Work to complete ->
Pull every line containing the word "value" from the records.

======

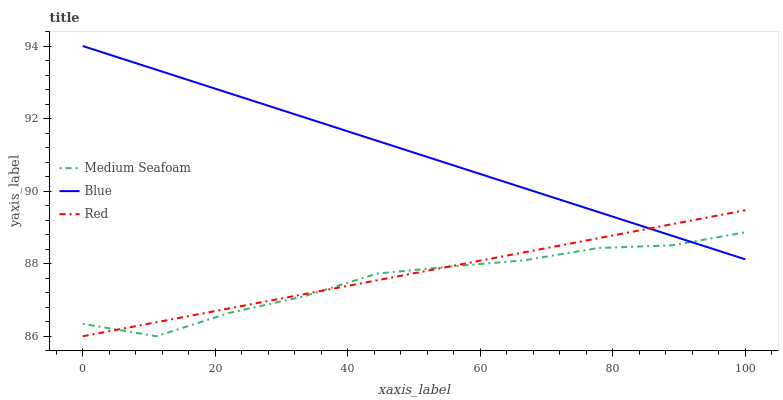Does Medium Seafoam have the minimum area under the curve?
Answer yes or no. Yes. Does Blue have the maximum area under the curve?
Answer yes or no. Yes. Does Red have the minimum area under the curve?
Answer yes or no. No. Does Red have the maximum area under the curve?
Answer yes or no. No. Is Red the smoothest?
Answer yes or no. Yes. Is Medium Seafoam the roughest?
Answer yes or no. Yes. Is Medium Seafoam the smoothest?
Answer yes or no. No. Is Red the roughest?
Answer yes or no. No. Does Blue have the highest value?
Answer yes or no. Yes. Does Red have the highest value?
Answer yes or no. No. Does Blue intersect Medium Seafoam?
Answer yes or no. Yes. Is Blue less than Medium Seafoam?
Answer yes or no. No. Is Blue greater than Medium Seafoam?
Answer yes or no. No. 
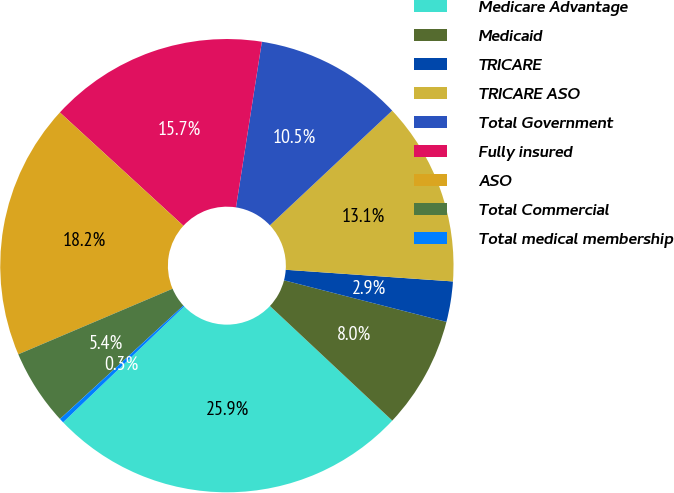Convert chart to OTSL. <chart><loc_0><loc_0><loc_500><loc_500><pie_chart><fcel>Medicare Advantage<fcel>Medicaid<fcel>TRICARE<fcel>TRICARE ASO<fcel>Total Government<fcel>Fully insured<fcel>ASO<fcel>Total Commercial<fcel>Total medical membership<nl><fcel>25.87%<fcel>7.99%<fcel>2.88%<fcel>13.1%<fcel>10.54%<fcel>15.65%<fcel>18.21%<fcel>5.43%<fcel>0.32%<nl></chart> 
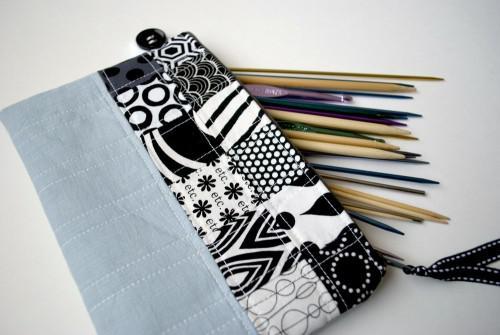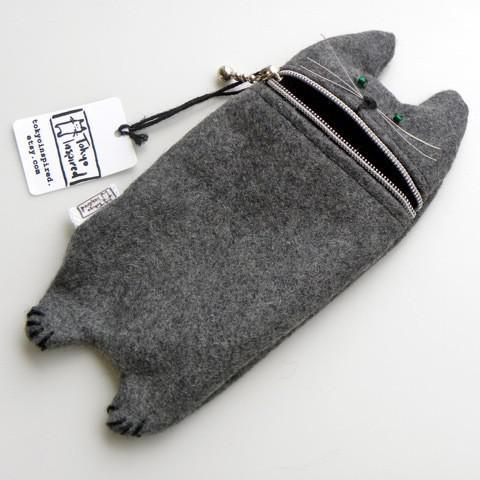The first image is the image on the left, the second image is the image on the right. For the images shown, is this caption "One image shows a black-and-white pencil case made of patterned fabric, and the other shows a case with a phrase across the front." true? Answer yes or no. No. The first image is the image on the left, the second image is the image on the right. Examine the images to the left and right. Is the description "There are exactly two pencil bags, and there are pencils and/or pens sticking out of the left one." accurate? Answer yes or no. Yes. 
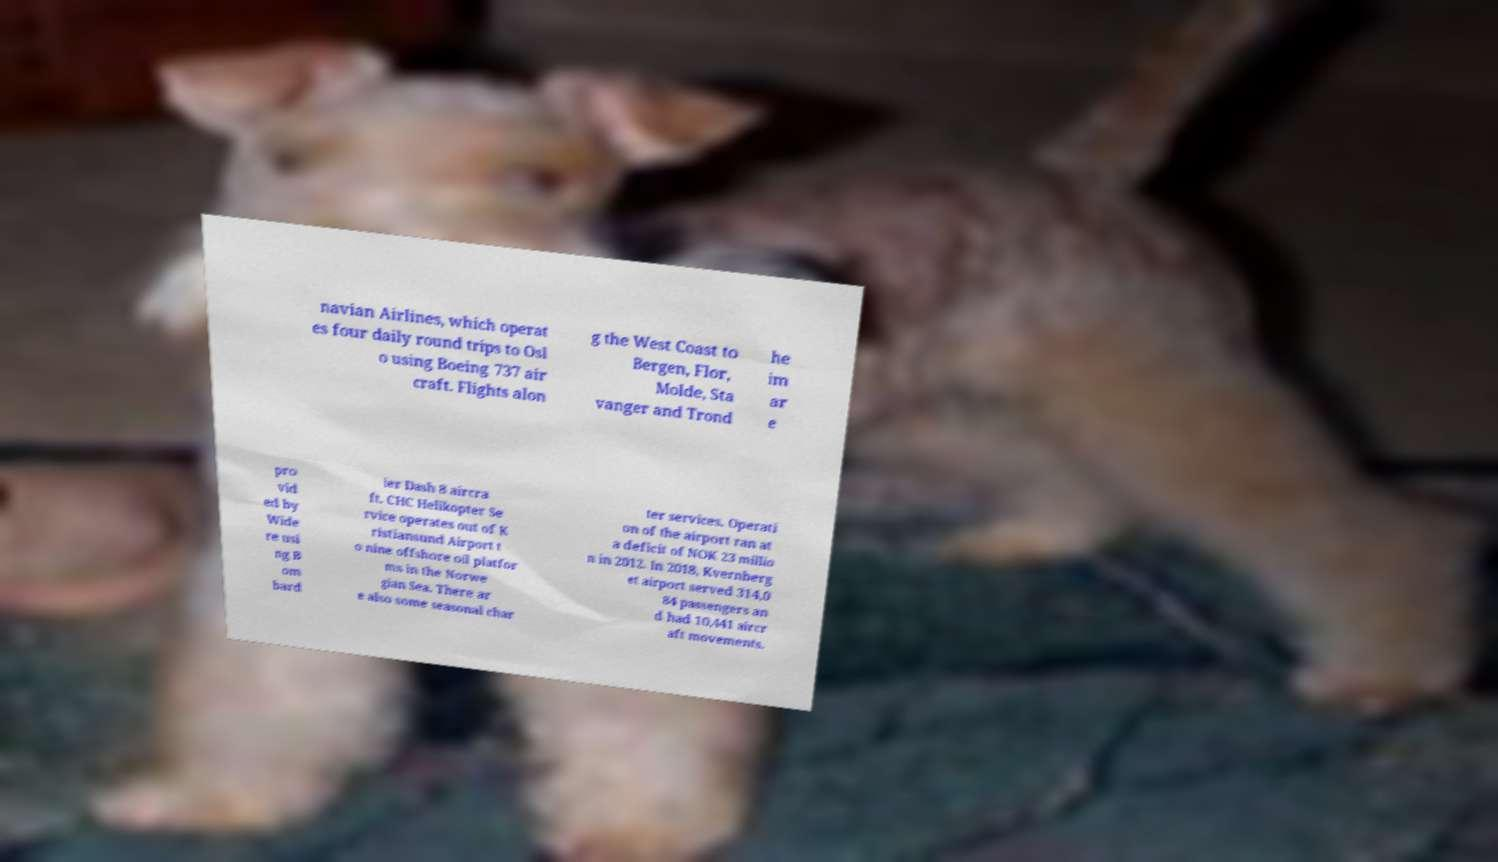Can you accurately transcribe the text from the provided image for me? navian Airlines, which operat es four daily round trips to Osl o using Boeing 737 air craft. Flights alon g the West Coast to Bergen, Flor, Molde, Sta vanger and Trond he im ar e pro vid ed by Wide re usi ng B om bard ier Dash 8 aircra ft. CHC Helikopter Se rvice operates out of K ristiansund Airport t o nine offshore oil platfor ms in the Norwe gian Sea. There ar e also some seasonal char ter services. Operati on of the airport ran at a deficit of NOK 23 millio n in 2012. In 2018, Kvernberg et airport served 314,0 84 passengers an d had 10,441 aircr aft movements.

======

Written answer ->
Answer yes or no. No. Does Blue have the highest value?
Answer yes or no. Yes. Does Red have the highest value?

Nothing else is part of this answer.